A modalidade no discurso, assim como os conceitos anteriores, tem a função de fazer uma identificação contextual do discurso, referindo-se à maneira pela qual o autor se compromete com aquilo que é verdadeiro e necessário, desejável e indesejável, bom ou ruim. Segundo Fairclough (1991), a modalidade está contextualizada historicamente e pode sofrer transformações em função das relações de sentido envolvidas, como a transformação de um discurso no qual o enunciador toma uma posição de defesa de uma ideia e, em outro momento, contraria ou se abstém dessa postura. Essas mudanças podem gerar impactos discursivos significativos. As mudanças de modalidade podem estar contidas em pequenas mudanças de vocabulário, de reposicionamentos e intensidade de uma mesma mensagem, mas objetivando efeitos de sentido extremamente distintos. Assim, a finalidade desse conceito se configura como um elemento orientador, para identificar como estruturas e argumentos discursivos idênticos possuem efeitos de sentido diferentes ou, também, como argumentos e estruturadas díspares podem caminhar para o mesmo efeito de sentido.

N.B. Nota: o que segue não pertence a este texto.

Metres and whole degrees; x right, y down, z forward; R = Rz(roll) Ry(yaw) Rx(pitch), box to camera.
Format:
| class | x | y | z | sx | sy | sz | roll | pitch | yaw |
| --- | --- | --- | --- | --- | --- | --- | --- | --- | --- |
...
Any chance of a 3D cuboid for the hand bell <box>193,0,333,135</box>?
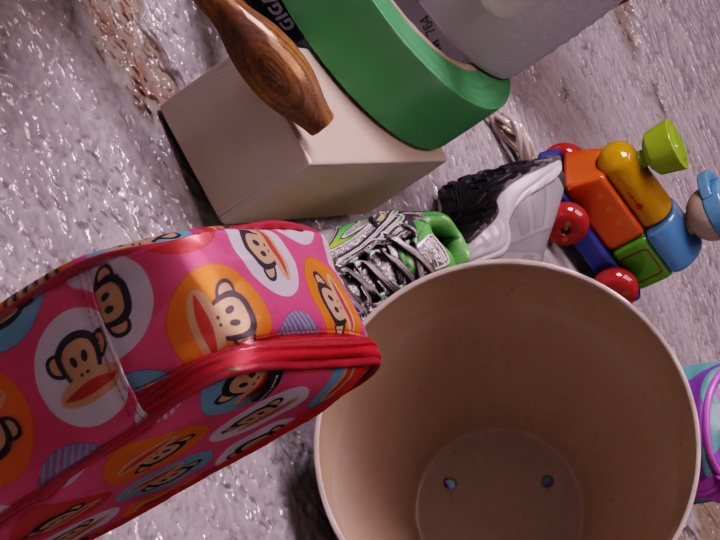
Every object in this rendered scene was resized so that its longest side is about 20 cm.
| class | x | y | z | sx | sy | sz | roll | pitch | yaw |
| --- | --- | --- | --- | --- | --- | --- | --- | --- | --- |
| hand bell | -0.083 | -0.149 | 1.428 | 0.200 | 0.104 | 0.104 | 50 | 25 | -12 |

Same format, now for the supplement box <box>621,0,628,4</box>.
| class | x | y | z | sx | sy | sz | roll | pitch | yaw |
| --- | --- | --- | --- | --- | --- | --- | --- | --- | --- |
| supplement box | 0.155 | -0.256 | 1.983 | 0.131 | 0.199 | 0.103 | 58 | 23 | -17 |

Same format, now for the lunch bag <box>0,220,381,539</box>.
| class | x | y | z | sx | sy | sz | roll | pitch | yaw |
| --- | --- | --- | --- | --- | --- | --- | --- | --- | --- |
| lunch bag | -0.097 | 0.052 | 1.110 | 0.082 | 0.199 | 0.176 | 64 | 22 | 11 |

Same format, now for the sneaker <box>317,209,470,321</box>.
| class | x | y | z | sx | sy | sz | roll | pitch | yaw |
| --- | --- | --- | --- | --- | --- | --- | --- | --- | --- |
| sneaker | 0.000 | 0.000 | 1.527 | 0.078 | 0.085 | 0.200 | 63 | 23 | -4 |

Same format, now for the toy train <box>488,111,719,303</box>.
| class | x | y | z | sx | sy | sz | roll | pitch | yaw |
| --- | --- | --- | --- | --- | --- | --- | --- | --- | --- |
| toy train | 0.177 | -0.073 | 1.954 | 0.200 | 0.115 | 0.085 | 51 | 26 | -32 |

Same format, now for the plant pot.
| class | x | y | z | sx | sy | sz | roll | pitch | yaw |
| --- | --- | --- | --- | --- | --- | --- | --- | --- | --- |
| plant pot | 0.076 | 0.110 | 1.485 | 0.135 | 0.199 | 0.201 | 87 | -14 | -70 |

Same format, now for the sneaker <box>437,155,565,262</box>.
| class | x | y | z | sx | sy | sz | roll | pitch | yaw |
| --- | --- | --- | --- | --- | --- | --- | --- | --- | --- |
| sneaker | 0.086 | -0.017 | 1.769 | 0.080 | 0.074 | 0.200 | 69 | 27 | -15 |

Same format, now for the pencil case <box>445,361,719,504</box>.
| class | x | y | z | sx | sy | sz | roll | pitch | yaw |
| --- | --- | --- | --- | --- | --- | --- | --- | --- | --- |
| pencil case | 0.144 | 0.106 | 1.586 | 0.085 | 0.199 | 0.093 | 53 | 45 | -26 |

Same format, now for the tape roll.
| class | x | y | z | sx | sy | sz | roll | pitch | yaw |
| --- | --- | --- | --- | --- | --- | --- | --- | --- | --- |
| tape roll | 0.011 | -0.167 | 1.619 | 0.200 | 0.048 | 0.201 | 46 | 23 | -26 |

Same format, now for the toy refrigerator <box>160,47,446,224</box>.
| class | x | y | z | sx | sy | sz | roll | pitch | yaw |
| --- | --- | --- | --- | --- | --- | --- | --- | --- | --- |
| toy refrigerator | -0.031 | -0.075 | 1.561 | 0.076 | 0.070 | 0.200 | 61 | 21 | 9 |

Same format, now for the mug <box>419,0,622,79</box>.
| class | x | y | z | sx | sy | sz | roll | pitch | yaw |
| --- | --- | --- | --- | --- | --- | --- | --- | --- | --- |
| mug | 0.114 | -0.207 | 1.592 | 0.148 | 0.175 | 0.200 | 50 | 22 | -18 |

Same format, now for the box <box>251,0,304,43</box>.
| class | x | y | z | sx | sy | sz | roll | pitch | yaw |
| --- | --- | --- | --- | --- | --- | --- | --- | --- | --- |
| box | -0.073 | -0.269 | 1.689 | 0.200 | 0.049 | 0.199 | 50 | 25 | -31 |
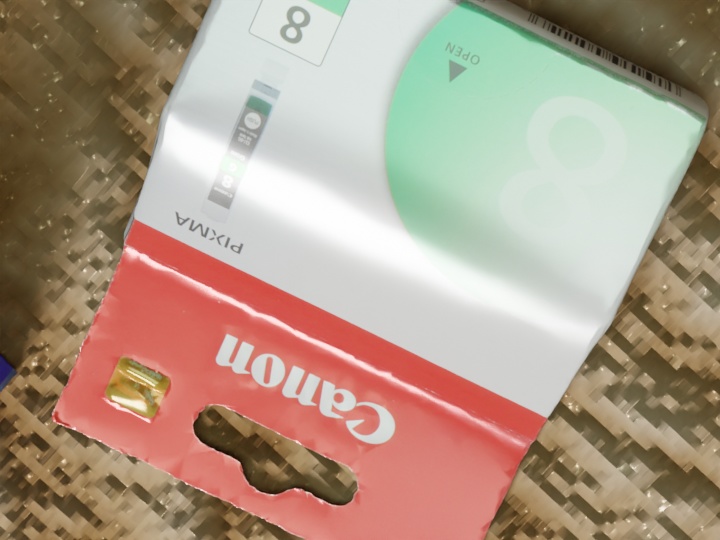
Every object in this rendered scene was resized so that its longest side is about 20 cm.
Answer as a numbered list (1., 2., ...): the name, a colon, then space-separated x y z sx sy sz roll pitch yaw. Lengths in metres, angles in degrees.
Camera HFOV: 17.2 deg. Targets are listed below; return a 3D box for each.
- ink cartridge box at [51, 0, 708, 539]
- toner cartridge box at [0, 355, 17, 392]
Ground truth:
1. ink cartridge box: 0.000 0.000 0.784 0.160 0.050 0.201 25 102 0
2. toner cartridge box: -0.175 0.074 0.740 0.095 0.200 0.043 -42 97 14
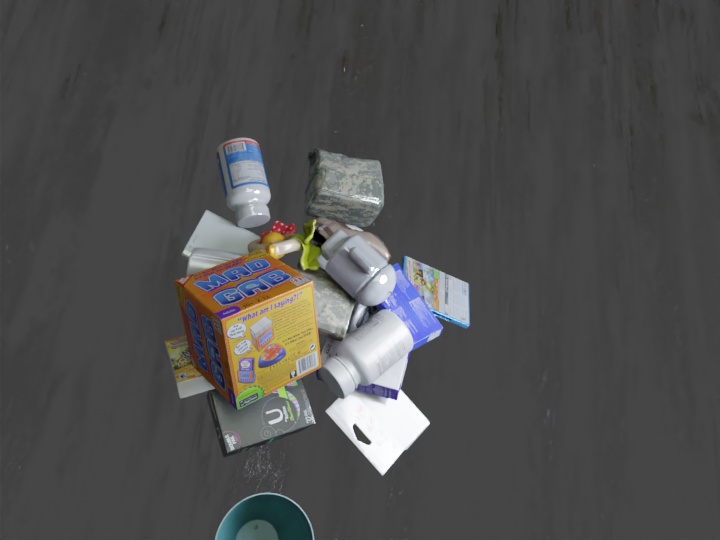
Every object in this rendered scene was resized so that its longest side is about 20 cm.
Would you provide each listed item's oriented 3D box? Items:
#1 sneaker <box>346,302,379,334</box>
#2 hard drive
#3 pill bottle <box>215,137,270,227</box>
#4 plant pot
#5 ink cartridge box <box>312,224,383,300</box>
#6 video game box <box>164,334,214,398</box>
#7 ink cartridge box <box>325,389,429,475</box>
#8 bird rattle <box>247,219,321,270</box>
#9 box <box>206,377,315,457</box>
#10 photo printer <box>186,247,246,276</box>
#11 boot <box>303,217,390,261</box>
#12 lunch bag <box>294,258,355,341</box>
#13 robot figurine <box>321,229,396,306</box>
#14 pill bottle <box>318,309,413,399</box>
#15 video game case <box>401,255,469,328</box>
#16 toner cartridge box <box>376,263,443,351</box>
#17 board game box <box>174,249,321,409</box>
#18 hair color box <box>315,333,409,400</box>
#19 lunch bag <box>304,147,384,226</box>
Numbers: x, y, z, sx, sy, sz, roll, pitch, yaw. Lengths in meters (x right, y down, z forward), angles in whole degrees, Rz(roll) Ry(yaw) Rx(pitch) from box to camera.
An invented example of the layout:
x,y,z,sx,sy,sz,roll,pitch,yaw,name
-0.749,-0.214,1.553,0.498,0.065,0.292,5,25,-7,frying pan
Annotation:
x,y,z,sx,sy,sz,roll,pitch,yaw,name
0.044,0.101,1.581,0.113,0.076,0.201,27,63,-3,sneaker
-0.313,-0.045,1.552,0.199,0.026,0.133,27,66,-7,hard drive
-0.283,-0.212,1.572,0.111,0.112,0.202,-9,75,-19,pill bottle
-0.205,0.564,1.313,0.198,0.135,0.202,5,70,-15,plant pot
-0.046,-0.033,1.629,0.160,0.050,0.201,31,47,-5,ink cartridge box
-0.313,0.186,1.396,0.198,0.182,0.047,-14,116,-20,video game box
0.037,0.348,1.511,0.176,0.045,0.200,-41,86,-26,ink cartridge box
-0.186,-0.069,1.477,0.162,0.199,0.114,-16,114,-40,bird rattle
-0.222,0.303,1.404,0.198,0.124,0.150,-14,75,-20,box
-0.285,-0.002,1.444,0.198,0.166,0.070,9,95,-11,photo printer
-0.039,-0.065,1.555,0.199,0.071,0.146,31,25,21,boot
-0.099,0.081,1.470,0.163,0.118,0.200,21,24,-2,lunch bag
0.000,0.000,1.444,0.200,0.170,0.113,43,80,10,robot figurine
0.011,0.187,1.410,0.199,0.114,0.115,-36,85,-23,pill bottle
0.191,0.055,1.637,0.198,0.018,0.144,23,46,-16,video game case
0.100,0.086,1.519,0.094,0.043,0.201,-23,64,-21,toner cartridge box
-0.220,0.108,1.267,0.199,0.199,0.202,-22,123,-32,board game box
0.005,0.220,1.495,0.198,0.065,0.110,15,56,8,hair color box
-0.039,-0.222,1.634,0.198,0.139,0.169,9,63,-17,lunch bag
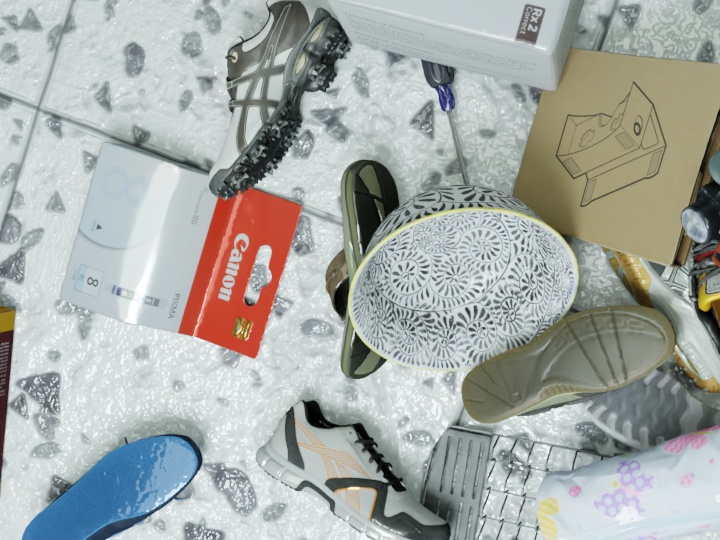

Essa concepção orienta a noção de efeitos constitutivos do discurso, relacionados com três dimensões, quais sejam: (i) a dimensão do discurso como elemento constituinte de identidades sociais, posições de sujeito e sujeitos sociais; (ii) a dimensão do discurso como uma função relacional que constrói as relações sociais entre os indivíduos; e (iii) a dimensão do discurso como uma função ideacional que engendra sistemas de conhecimento e de crenças (ORLANDI, 2001).

Nesta tese, foram esses elementos teóricos da ACD como o discurso, a linguagem e a ideologia, bem como a noção de texto, prática discursiva e prática social, que orientaram a compreensão em torno do trabalho docente. Destarte, a orientação epistemológica da ACD, permitiu questionar o conhecimento apreendido como representação mental, abrindo espaço para compreendê-lo como uma prática social, na qual a linguagem cumpre papel principal, pois ela é o meio pelo qual os indivíduos expressam a sua forma de estar no mundo e no trabalho (SCHWANDT, 2006). Ademais, assume-se que a proposta analítica de Fairclough não é absoluta, uma vez que para o autor, a ACD pode servir de complemento ou suplemento, não de substituto para outras formas de pesquisa e análise social. Em outros termos, há necessidade de se conjugar a ACD com outras metodologias. Note-se que a proposta feita nesta tese segue tal orientação e articula essa vertente com as concepções teórico-metodológicas da PDT e da SC, articulações essas apresentadas no percurso teórico-metodológico da pesquisa.